- Two London hospitals decant patients to third amid “extreme” covid pressures
- Briefing seen by HSJ says NHS London has asked providers to ‘super surge’ critical care capacity
- Comes as capital’s providers rapidly adapt services to meet demand
A pair of major London hospitals are decanting patients to central London sites as the region asks trusts to ‘super surge’ their critical care capacity, HSJ understands.
A coronavirus briefing to staff at Guy’s and St Thomas’ Foundation Trust sent today, seen by HSJ, has described “extreme pressure” across its wards, critical care and “all London hospitals”.
It also said there was a request from NHS England and NHS Improvement’s London region to increase critical care capacity, or “super surge”, as bed occupancy rates remain high.

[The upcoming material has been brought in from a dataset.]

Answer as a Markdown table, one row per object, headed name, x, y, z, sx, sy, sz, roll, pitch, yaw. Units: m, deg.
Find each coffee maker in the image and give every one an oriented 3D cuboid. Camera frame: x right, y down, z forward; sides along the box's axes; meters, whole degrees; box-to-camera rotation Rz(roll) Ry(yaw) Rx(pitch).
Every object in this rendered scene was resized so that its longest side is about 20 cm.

The central London trust is providing “mutual aid” to neighbouring providers in south east London, the correspondence added, which includes “decanting” patients from Queen Elizabeth Hospital (in Greenwich) and King’s Collge Hospital (in Denmark Hill). They are overseen by Lewisham and Greenwich Trust and King’s College Hospital Foundation Trust respectively.

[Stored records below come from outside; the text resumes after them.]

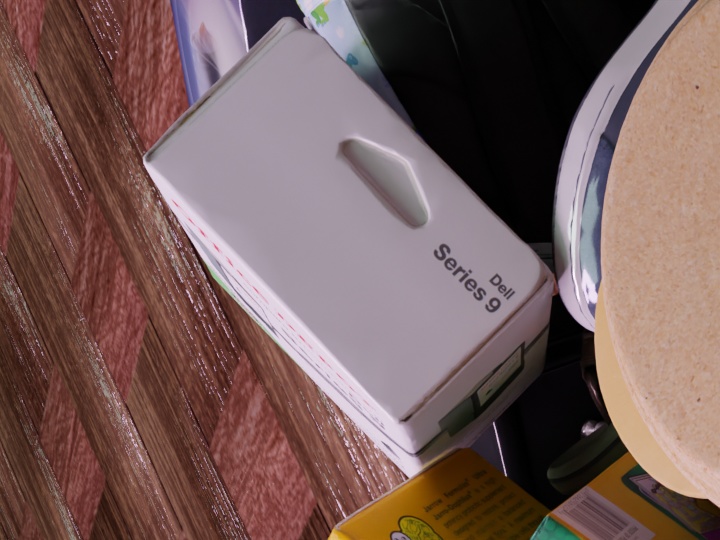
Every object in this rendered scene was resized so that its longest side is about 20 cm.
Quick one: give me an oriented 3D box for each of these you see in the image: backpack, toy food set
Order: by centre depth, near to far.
[{"bbox_3d":[0.152,-0.007,0.646,0.198,0.049,0.201,25,104,47],"label":"toy food set"},{"bbox_3d":[0.063,-0.098,0.920,0.200,0.163,0.154,57,163,16],"label":"backpack"}]

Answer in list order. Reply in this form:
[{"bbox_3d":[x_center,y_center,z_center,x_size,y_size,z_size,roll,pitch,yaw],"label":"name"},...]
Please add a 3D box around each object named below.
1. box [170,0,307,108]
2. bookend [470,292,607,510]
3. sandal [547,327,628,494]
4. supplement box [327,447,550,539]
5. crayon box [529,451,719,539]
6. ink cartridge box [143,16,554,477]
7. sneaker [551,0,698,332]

It is unclear whether it refers to all patients or specific cohorts, and whether they are going to both Guy’s and St Thomas’ hospitals.
Another element of the mutual aid described is an “intermittent” London Ambulance Service divert “from several hospitals”, which is being reviewed every 12 hours. It appears this would see emergency patients from further south east in London diverted to St Thomas’.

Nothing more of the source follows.